**Material for the task:**
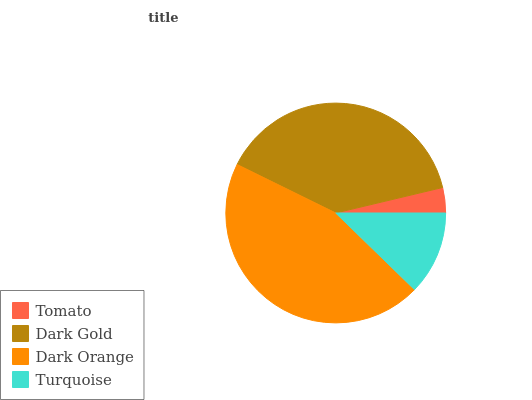Is Tomato the minimum?
Answer yes or no. Yes. Is Dark Orange the maximum?
Answer yes or no. Yes. Is Dark Gold the minimum?
Answer yes or no. No. Is Dark Gold the maximum?
Answer yes or no. No. Is Dark Gold greater than Tomato?
Answer yes or no. Yes. Is Tomato less than Dark Gold?
Answer yes or no. Yes. Is Tomato greater than Dark Gold?
Answer yes or no. No. Is Dark Gold less than Tomato?
Answer yes or no. No. Is Dark Gold the high median?
Answer yes or no. Yes. Is Turquoise the low median?
Answer yes or no. Yes. Is Turquoise the high median?
Answer yes or no. No. Is Dark Gold the low median?
Answer yes or no. No.

**What you will do:**
Find the lines above that contain the word "Dark" and copy each one.

**Response box:**
Answer yes or no. Yes. Is Dark Orange the maximum?
Answer yes or no. Yes. Is Dark Gold the minimum?
Answer yes or no. No. Is Dark Gold the maximum?
Answer yes or no. No. Is Dark Gold greater than Tomato?
Answer yes or no. Yes. Is Tomato less than Dark Gold?
Answer yes or no. Yes. Is Tomato greater than Dark Gold?
Answer yes or no. No. Is Dark Gold less than Tomato?
Answer yes or no. No. Is Dark Gold the high median?
Answer yes or no. No. Is Dark Gold the low median?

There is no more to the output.